Un maestro de pueblo
En el ciclo Sala Barcelona, Joe Crepúsculo montó una juerga como las de siempre en el Castell de Montjuïc
Pongámonos en modo fiesta. Bien puede implicar corbatas entorno a la cabeza y puros apagados cuando una boda se ha desembarazado de formalidades o bien baile en fiesta mayor al oreo de los churros, de la panceta en la plancha y de los combinados que van alegrando aún más la noche. Es ya el momento en el que importan pocas cosas, bueno, las elementales nunca se van, eso de la seducción y las miradas, pero ya reina la desinhibición y ni cuentan las otras miradas, las de los dispuestos a escandalizarse por vocación. Pues bien, algo de todo ello había el viernes en la noche en el Castell de Montjuïc. El lugar es espléndido para conciertos, sin vecinos que se puedan molestas, al aire libre pero protegido el espacio por la muralla, con tanta piedra que ni mosquitos había, viendo caer la luna casi a plomo tras haber visto al sol esconderse como una descomunal moneda incandescente y con Joe Crepúsculo en el escenario. Una fiesta popular sin pueblo y sin miradas de recelo, una boda sin novios, una juerga monumental con la música que suena en pueblos y en bodas. Con todas sus ventajas, sin ninguno de los inconvenientes.
Era el segundo concierto de Sala Barcelona, el invento de la asociación de salas de conciertos (ASACC) que nació durante la pandemia y que permanece como una programación estival que durará hasta el 13 de septiembre con el apoyo del Institut de Cultura de Barcelona. El de Crepúsculo era el segundo concierto y la primera gran fiesta. El de Sant Joan Despí, ahora afincado en Madrid, ni creerse podía que allí hubiese tanta gente, en pleno mes de agosto, todo público local. Pero estaban, y muy cómplices. Con dilatada discografía en el mercado y nuevo álbum ya cociéndose, la propuesta de Joe es popular, una mezcla de electrónica machacona, pop, mákina y ánimo rave con el fondo sonoro de los 90 y unas letras que van más allá de lo obvio.
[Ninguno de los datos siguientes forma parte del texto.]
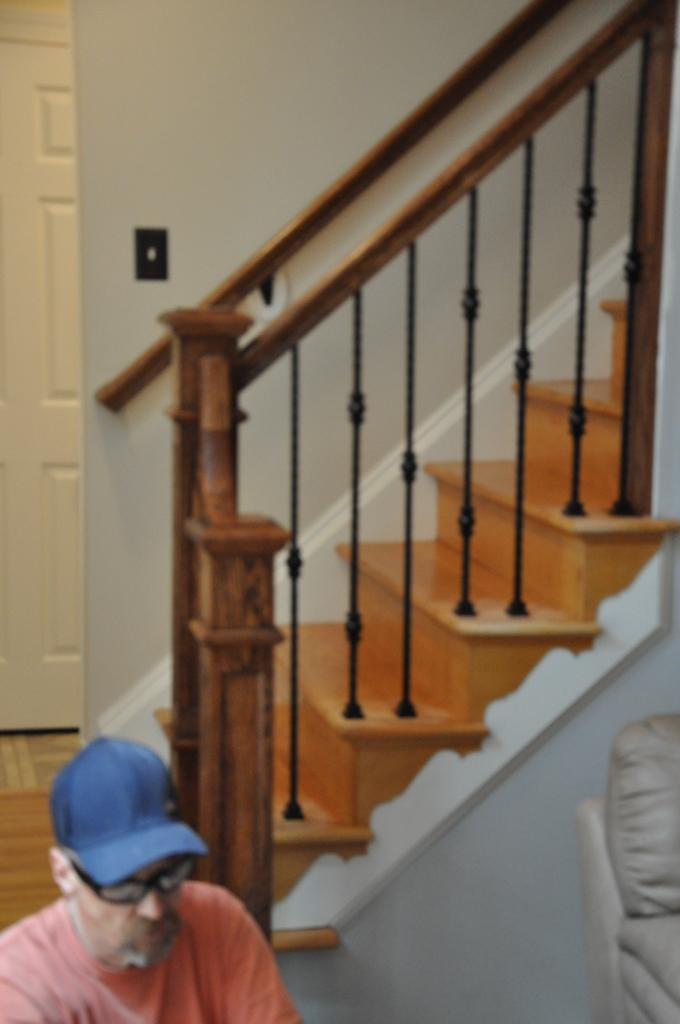What is the person in the image doing? The person is sitting in the image. Can you describe the person's attire? The person is wearing a cap. What piece of furniture is located beside the person? There is a couch beside the person. What architectural feature is visible in the image? There is a staircase visible in the image. What is the purpose of the door in the image? The door in the image provides access to another room or area. What is the function of the switch in the image? The switch in the image is likely used to control the lighting or electrical devices. How many chairs are visible in the image? There are no chairs visible in the image. What type of fiction is the person reading in the image? There is no book or any indication of reading in the image.

En formato trío y con un arsenal de 16 canciones, entre ellas un par de baladas para no agotar al personal, la propuesta se impuso ante un bosque de brazos alzados, cuerpos en trance y miradas de alegría que Joe fustigó con su grito de guerra, “hijoputa el que no baile”. Sí, no es sutil, pero ¿desde cuándo los autos de choque lo han sido?
Más allá de las canciones que interpretó, con mayoría aplastante de su último disco, “Trovador tecno”, lo sustancial es la coherencia de la propuesta, que Joe defendió como si fuese el encargado de una tómbola colocando muñecas. Con sus constantes gritos de “arriba”, espoleando el baile con el suyo propio, paseando por la platea (para los más cansados había sillas y mesas en la parte posterior), con su proyector láser en miniatura apuntándose a la cara en plan efectos especiales Todo A Cien y repartiendo los Premios Adoquín (dos enormes caramelos de igual nombre típicos de Zaragoza) entre los mejores bailarines, mantuvo el ritmo de un concierto marcado por el bombo.
Lo más estilizado fue la irónica “Música para adultos”, que con plumaje de techno melódico dice “esto es música para adultos que no puedes comprender”; lo más racial ese “El tren de la bruja” que habla de los feriantes, “vivo en la feria todo el día y la dicha de los otros paga mi comida”; lo más costumbrista el romanticismo automovilístico de “Carreteras de pasión”, dedicada a los camioneros y taxistas que allí habían, y habían al menos un par y lo más provocativo esa versión de “Maricas” de Los Punsetes, y sus versos de entrada “quiero morir en una discoteca llena de maricas/ quiero morir bebiendo a morro de una barrica”. Sólo cuatro botones de un repertorio ideal para recordar que aquí estamos también para divertirnos sin inhibiciones, con sonidos despeinados, sintetizadores añejos y letras en las que poder reparar. En eso Joe Crepúsculo es un maestro. De pueblo, como los de siempre. Por eso al final sacó a todo el mundo a la pizarra y el público acabó bailando en el escenario.